Comment 8 Moe Jette 2017-08-28 09:35:52 MDT
(In reply to Tim Wickberg from comment #4)
> One note - commit a5b47f7b6 drops the EPERM part of the conditional,
> otherwise if root was running without CAP_SETGID for some reason they would
> still persist.
> 
> I am noticing that salloc does not immediately reject a job submission with
> --uid set from a non-root account, and will only exit once the allocation
> request has been granted resulting in stray jobs.
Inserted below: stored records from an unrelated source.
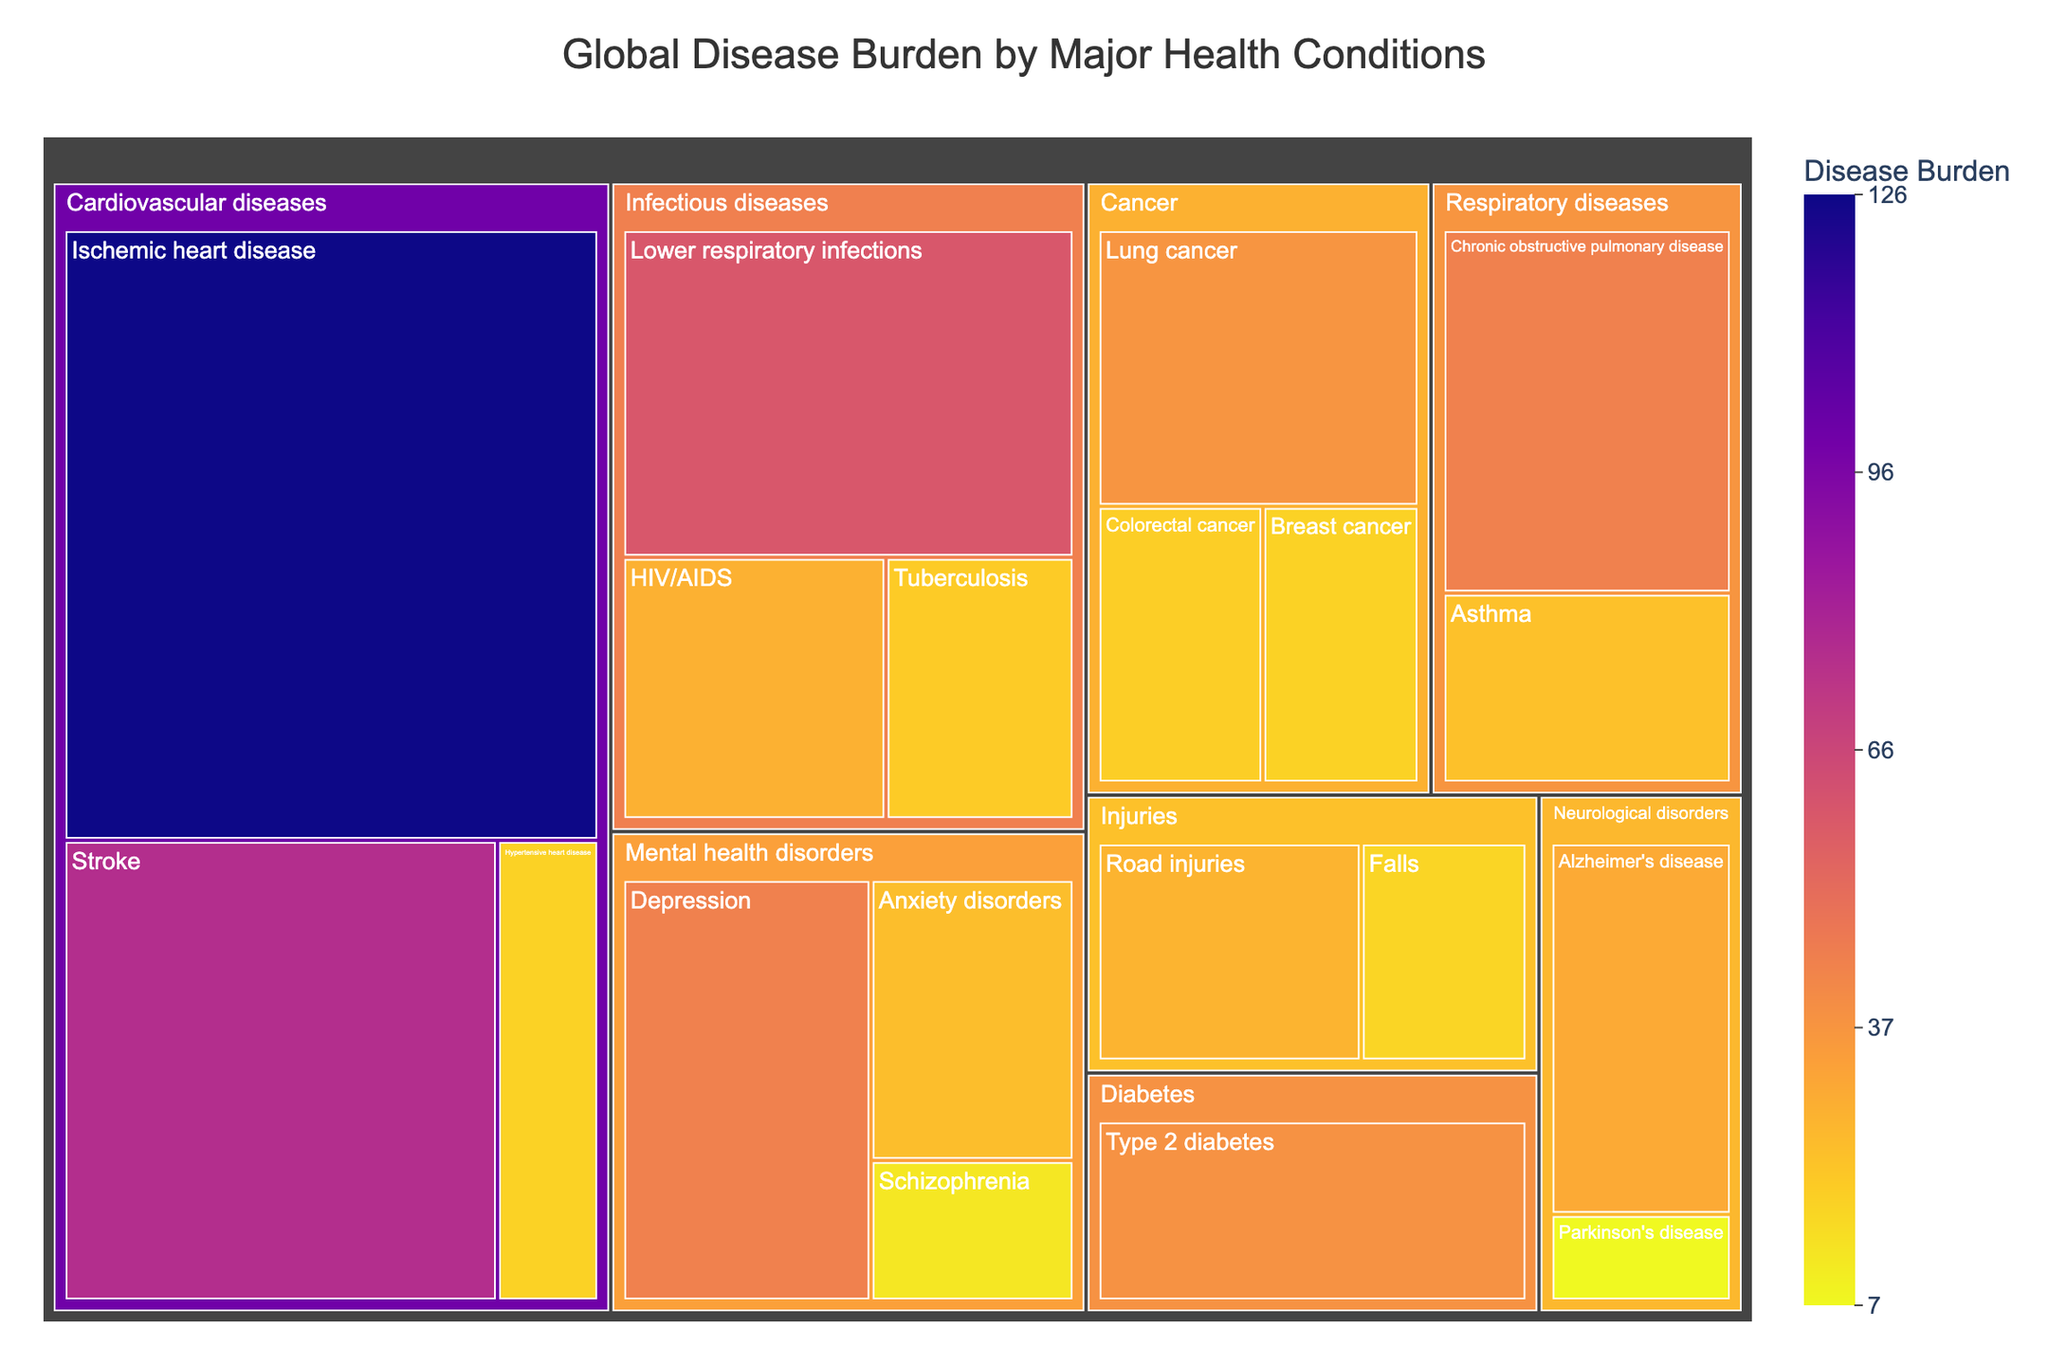What is the title of the treemap? The title is displayed prominently at the top of the treemap and provides a summary of what the visualization is about.
Answer: Global Disease Burden by Major Health Conditions How many subcategories fall under Cardiovascular diseases? By examining the visual structure, locate Cardiovascular diseases and count the number of individual boxes (subcategories) nested within it.
Answer: 3 Which health condition has the highest disease burden? Look for the largest box in the treemap, as size represents the value of the disease burden.
Answer: Ischemic heart disease Compare the disease burden of Depression and Chronic obstructive pulmonary disease (COPD). Which one is higher? Identify the boxes for both Depression and COPD, and compare their sizes/values directly.
Answer: Depression What is the combined disease burden for Neurological disorders? Locate the subcategories under Neurological disorders and sum their values: Alzheimer's disease (30) + Parkinson's disease (7).
Answer: 37 Which category has the smallest disease burden within the given data? Look for the category with the smallest total box size. Compare the sizes of the primary categories (Cardiovascular diseases, Infectious diseases, Cancer, etc.).
Answer: Injuries How does the disease burden of Type 2 diabetes compare to Road injuries? Locate both Type 2 diabetes and Road injuries in the treemap and compare their sizes/values.
Answer: Type 2 diabetes is higher What is the average disease burden across all mental health disorders? Identify the values for all mental health disorders: Depression (44), Anxiety disorders (24), Schizophrenia (12). Compute the average: (44 + 24 + 12) / 3.
Answer: 26.67 What is the total disease burden for all Cancer subcategories combined? Sum the values for Lung cancer (37), Breast cancer (18), and Colorectal cancer (19).
Answer: 74 Which subcategory within infectious diseases has the lowest burden? Examine the subcategories under Infectious diseases and identify the one with the smallest value.
Answer: Tuberculosis

A separate bug 4101 has
> been opened to track that.

That change prevented me from being able to execute salloc at all. salloc was always executing setgroups, even for a regular user without the --uid option and exiting.

I've changed the salloc logic to only execute the setgroups call if not running as self, something that I had earlier added to the version 17.11 branch and now backported to version 17.02.
https://github.com/SchedMD/slurm/commit/d03e393058a3b6c8b67eafde2f60dd6101b9774f
Comment 9 Philip Kovacs 2017-08-28 14:34:30 MDT
Are you patching the same code as me?.  The patch I posted on bug 4101

https://bugs.schedmd.com/attachment.cgi?id=5128

was against the 17.02.7 tarball not any more recent branch in git.  I've been running it for quite a while as regular user.  I find it fixes both 4095 and 4101.
Comment 10 Moe Jette 2017-08-28 14:39:44 MDT
(In reply to Philip Kovacs from comment #9)
> Are you patching the same code as me?.  The patch I posted on bug 4101
> 
> https://bugs.schedmd.com/attachment.cgi?id=5128
> 
> was against the 17.02.7 tarball not any more recent branch in git.  I've
> been running it for quite a while as regular user.  I find it fixes both
> 4095 and 4101.

That bug is assigned to someone else. I'll probably leave it in Tim's hands, but I did alert him to this update.